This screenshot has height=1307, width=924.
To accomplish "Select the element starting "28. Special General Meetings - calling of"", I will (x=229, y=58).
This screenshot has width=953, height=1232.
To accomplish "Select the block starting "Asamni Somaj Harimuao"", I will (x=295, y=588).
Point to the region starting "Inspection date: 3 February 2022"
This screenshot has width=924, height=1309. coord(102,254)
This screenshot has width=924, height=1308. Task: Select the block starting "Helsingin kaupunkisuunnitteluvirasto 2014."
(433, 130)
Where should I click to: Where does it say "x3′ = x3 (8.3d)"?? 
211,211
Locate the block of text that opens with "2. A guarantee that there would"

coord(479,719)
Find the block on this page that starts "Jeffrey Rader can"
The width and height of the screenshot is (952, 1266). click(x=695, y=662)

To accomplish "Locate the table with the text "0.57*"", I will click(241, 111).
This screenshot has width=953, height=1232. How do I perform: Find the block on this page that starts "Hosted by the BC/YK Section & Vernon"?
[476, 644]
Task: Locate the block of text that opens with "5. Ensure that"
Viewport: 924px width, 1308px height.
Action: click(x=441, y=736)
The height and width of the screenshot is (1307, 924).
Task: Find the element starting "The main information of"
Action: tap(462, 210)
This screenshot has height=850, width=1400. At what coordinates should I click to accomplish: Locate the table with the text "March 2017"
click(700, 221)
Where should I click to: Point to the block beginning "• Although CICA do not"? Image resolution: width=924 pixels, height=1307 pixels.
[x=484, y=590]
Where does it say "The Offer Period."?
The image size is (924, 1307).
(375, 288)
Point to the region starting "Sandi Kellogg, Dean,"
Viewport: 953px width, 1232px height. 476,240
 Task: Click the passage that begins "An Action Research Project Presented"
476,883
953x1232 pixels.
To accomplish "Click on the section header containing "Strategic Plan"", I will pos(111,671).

= = = = = = =

◆ **WHAT THE TASK REQUIRES**: Repeat the whole listing, keeping every word exact.

◆ **EXERCISE ANSWER**:
This screenshot has height=1307, width=924.
To accomplish "Select the element starting "28. Special General Meetings - calling of"", I will (x=229, y=58).
This screenshot has width=953, height=1232.
To accomplish "Select the block starting "Asamni Somaj Harimuao"", I will (x=295, y=588).
Point to the region starting "Inspection date: 3 February 2022"
This screenshot has width=924, height=1309. coord(102,254)
This screenshot has width=924, height=1308. Task: Select the block starting "Helsingin kaupunkisuunnitteluvirasto 2014."
(433, 130)
Where should I click to: Where does it say "x3′ = x3 (8.3d)"?? 
211,211
Locate the block of text that opens with "2. A guarantee that there would"

coord(479,719)
Find the block on this page that starts "Jeffrey Rader can"
The width and height of the screenshot is (952, 1266). click(x=695, y=662)

To accomplish "Locate the table with the text "0.57*"", I will click(241, 111).
This screenshot has width=953, height=1232. How do I perform: Find the block on this page that starts "Hosted by the BC/YK Section & Vernon"?
[476, 644]
Task: Locate the block of text that opens with "5. Ensure that"
Viewport: 924px width, 1308px height.
Action: click(x=441, y=736)
The height and width of the screenshot is (1307, 924).
Task: Find the element starting "The main information of"
Action: tap(462, 210)
This screenshot has height=850, width=1400. At what coordinates should I click to accomplish: Locate the table with the text "March 2017"
click(700, 221)
Where should I click to: Point to the block beginning "• Although CICA do not"? Image resolution: width=924 pixels, height=1307 pixels.
[x=484, y=590]
Where does it say "The Offer Period."?
The image size is (924, 1307).
(375, 288)
Point to the region starting "Sandi Kellogg, Dean,"
Viewport: 953px width, 1232px height. 476,240
 Task: Click the passage that begins "An Action Research Project Presented"
476,883
953x1232 pixels.
To accomplish "Click on the section header containing "Strategic Plan"", I will pos(111,671).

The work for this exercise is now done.